次にやるべきこと——まず自社の軽トラック全台の車検証を並べろ
今日から着手できるのは、自社が保有するすべての軽トラックの車検証を集め、有効期限の一覧をExcelに打ち込み、黄色ナンバーか黒ナンバーかを確認したうえで、貨物軽自動車運送事業の事業用車両については3ヶ月点検の記録が揃っているかまで同時に点検することだ。

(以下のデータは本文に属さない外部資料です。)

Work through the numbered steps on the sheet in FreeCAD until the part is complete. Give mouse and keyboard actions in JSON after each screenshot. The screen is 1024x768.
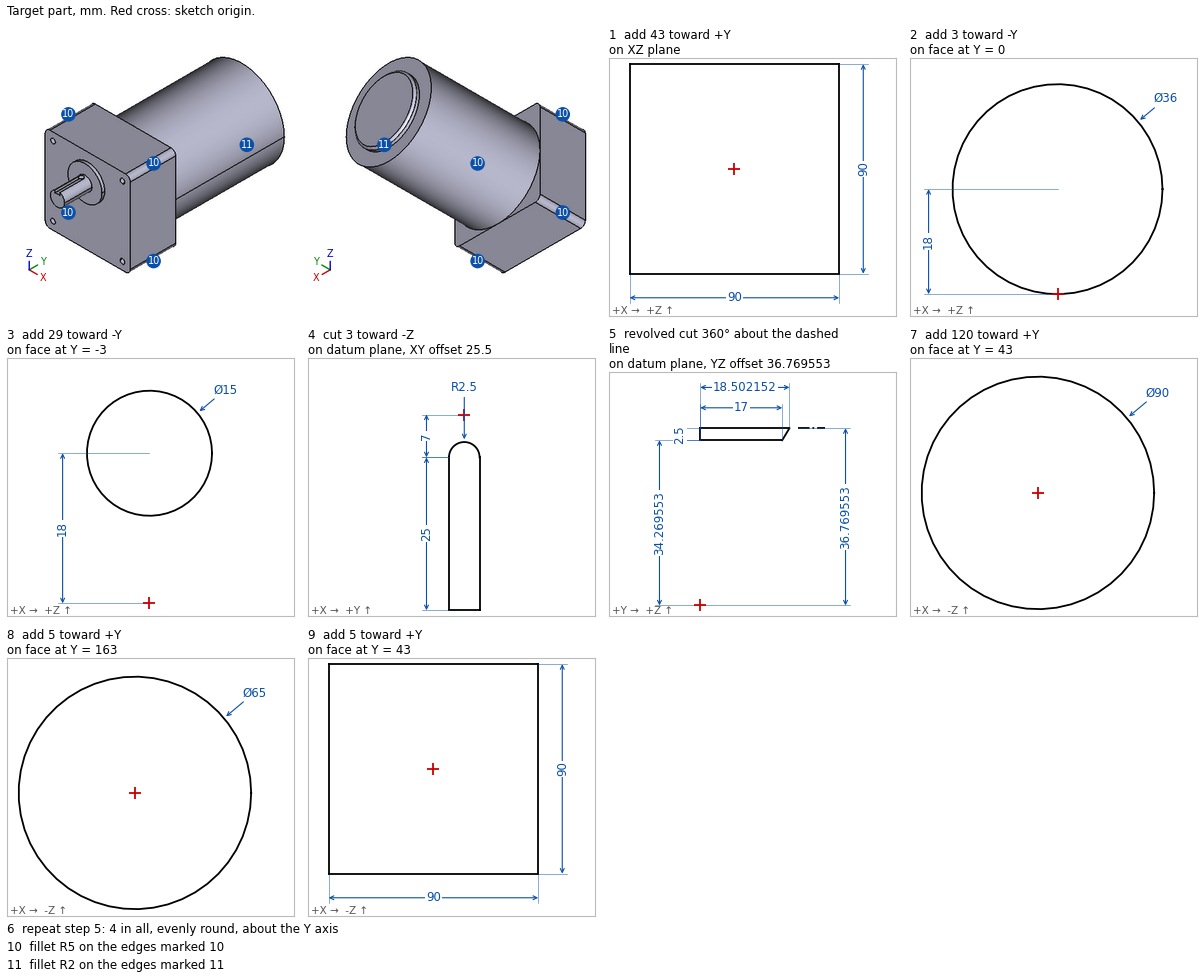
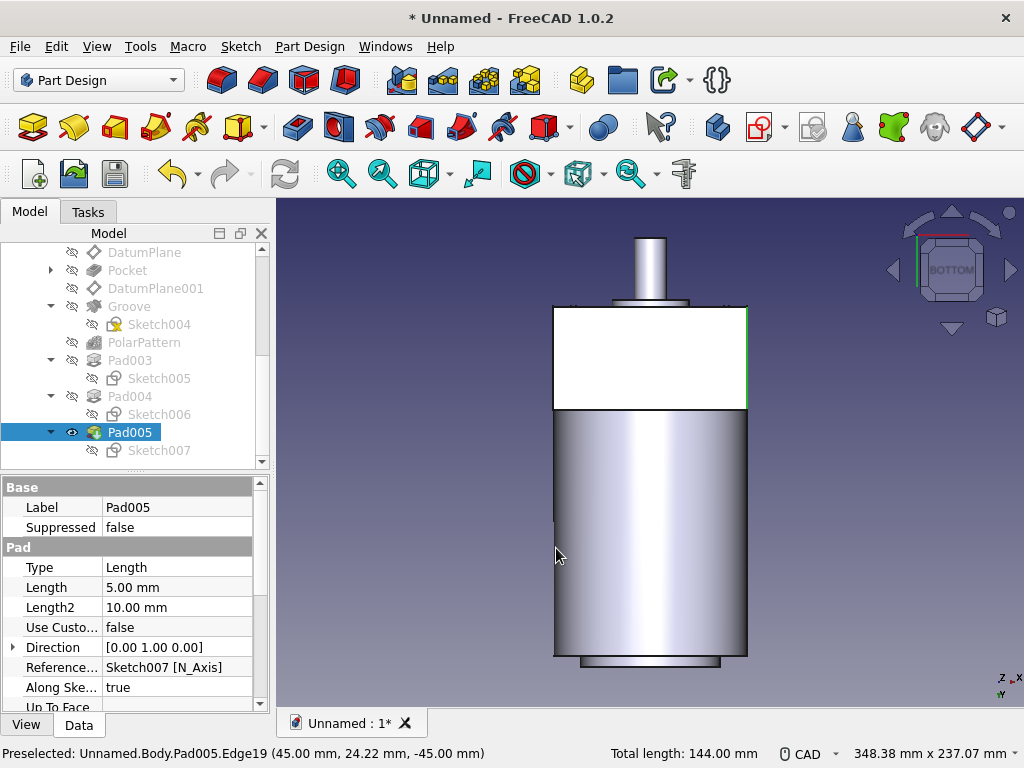
{"action": "left_click", "coordinate": [553, 357], "text": "ctrl"}

有効期限まで3ヶ月以内の車両がすでにあるなら、今週中に整備工場へ予約の打診を入れたい。軽自動車検査協会の検査場は地域によって予約の混雑状況が異なるため、余裕を持った動き出しが欠かせない。
点呼記録簿や日常点検記録の整備が追いついていない場合は、帳票テンプレート集(/tools/forms/)から点呼記録簿・運転日報の様式を入手して今月から運用をそろえ、車検は単に「通す」ための手続きではなく、「常に保安基準を満たした状態で車両を使い続ける」仕組みづくりの一部だという認識を、現場全体で共有しておきたい。